Data entries:
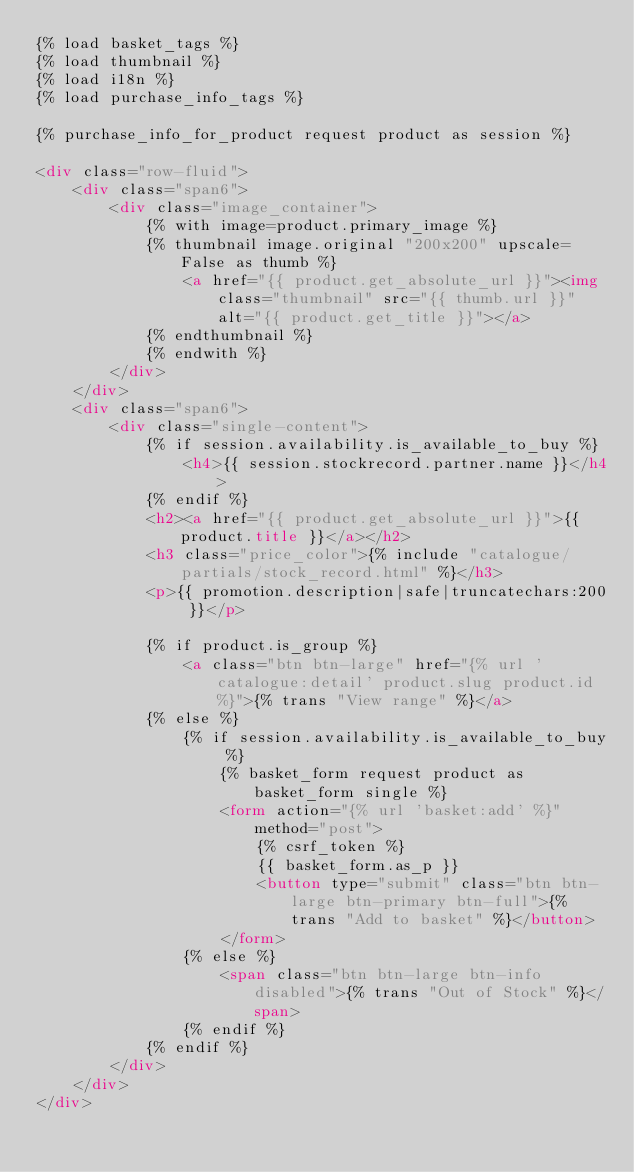<code> <loc_0><loc_0><loc_500><loc_500><_HTML_>{% load basket_tags %}
{% load thumbnail %}
{% load i18n %}
{% load purchase_info_tags %}

{% purchase_info_for_product request product as session %}

<div class="row-fluid">
    <div class="span6">
        <div class="image_container"> 
            {% with image=product.primary_image %}
            {% thumbnail image.original "200x200" upscale=False as thumb %}
                <a href="{{ product.get_absolute_url }}"><img class="thumbnail" src="{{ thumb.url }}" alt="{{ product.get_title }}"></a>
            {% endthumbnail %}
            {% endwith %}
        </div>    
    </div>
    <div class="span6">
        <div class="single-content">
            {% if session.availability.is_available_to_buy %}
                <h4>{{ session.stockrecord.partner.name }}</h4>
            {% endif %}
            <h2><a href="{{ product.get_absolute_url }}">{{ product.title }}</a></h2>
            <h3 class="price_color">{% include "catalogue/partials/stock_record.html" %}</h3>
            <p>{{ promotion.description|safe|truncatechars:200 }}</p>

            {% if product.is_group %}
                <a class="btn btn-large" href="{% url 'catalogue:detail' product.slug product.id %}">{% trans "View range" %}</a>
            {% else %}
                {% if session.availability.is_available_to_buy %}
                    {% basket_form request product as basket_form single %}
                    <form action="{% url 'basket:add' %}" method="post">
                        {% csrf_token %}
                        {{ basket_form.as_p }}
                        <button type="submit" class="btn btn-large btn-primary btn-full">{% trans "Add to basket" %}</button>
                    </form>
                {% else %}
                    <span class="btn btn-large btn-info disabled">{% trans "Out of Stock" %}</span>
                {% endif %}
            {% endif %}
        </div>
    </div>
</div>
</code>

REQUIREMENT: For each line in the data that contains the string "trans", give a copy of that line.

SOLUTION FOR THIS TASK:
                <a class="btn btn-large" href="{% url 'catalogue:detail' product.slug product.id %}">{% trans "View range" %}</a>
                        <button type="submit" class="btn btn-large btn-primary btn-full">{% trans "Add to basket" %}</button>
                    <span class="btn btn-large btn-info disabled">{% trans "Out of Stock" %}</span>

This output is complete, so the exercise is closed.